De verleiding van het ongezonde
Eten kan een bron van genot zijn. We kennen allemaal wel van die gerechten die we met het grootste plezier verorberen. En doorgaans kunnen we daarbij maar beter niet de calorieën bijhouden, voor onze eigen gemoedsrust. Overgewicht, gebitsschade, diabetes, aderverkalking... Aan lekker eten kleeft een zwart randje. Het lijkt een slechte grap van de natuur om de minst gezonde etenswaren het meest verslavend te maken.

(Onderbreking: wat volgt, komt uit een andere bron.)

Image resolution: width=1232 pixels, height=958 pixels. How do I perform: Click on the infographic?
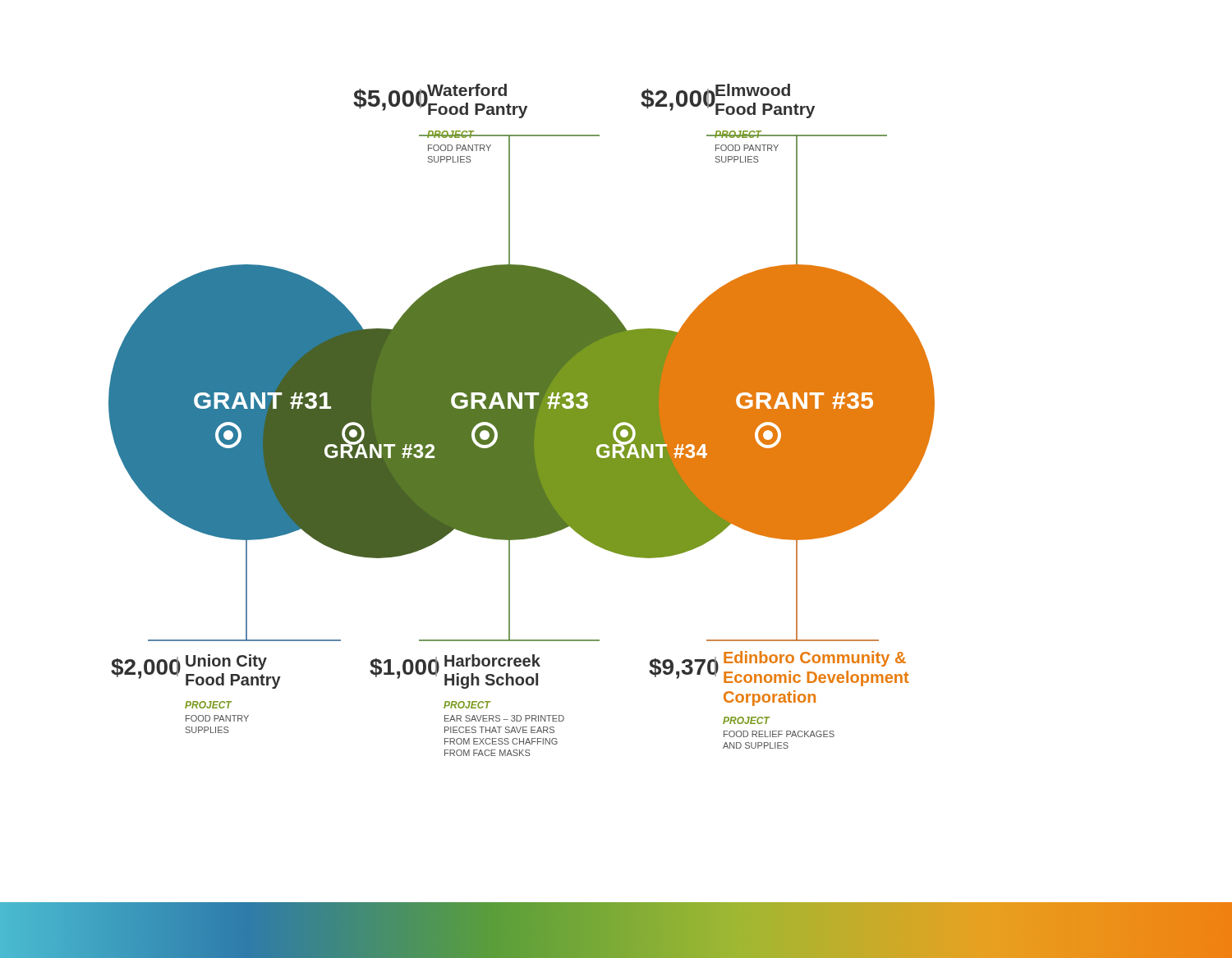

De oorzaak van deze paradox is echter wel te beredeneren. In relatief korte tijd heeft de mens een grote culturele evolutie doorgemaakt: onze levensstijl en de levensmiddelen zijn drastisch veranderd vanaf de periode waarin we nog in dierenhuiden rondliepen. De biologische evolutie daarentegen vindt aanzienlijk trager plaats. Met andere woorden: ons lichaam is gebouwd voor omstandigheden die vroeger heersten. We zijn niet gemaakt voor een inactieve leefstijl, en evenmin voor een rijk aanbod aan allerlei suikerrijke voedingswaren. Barre omstandigheden van weleer hebben het lichaam geleerd om effectieve voorraden op te slaan... nu zijn we opgescheept met al die bierbuiken.
Een aanwijzing voor de evolutionaire oorsprong voor eetgedrag volgt ook uit de rasafhankelijke genetische verschillen. In tropische gebieden zijn de mensen veel minder gevoelig voor suiker dan in koudere klimaten, waar suikerrijk voedsel oorspronkelijk zeldzaam was. Het is dan ook niet meer dan logisch dat in de tijden vóór de globalisatie, de consumptie van suiker (als nuttige energiebron) via een intern beloningsmechanisme werd gestimuleerd. Nu zitten we met de gebakken peren... en van allerlei andere lekkernijen.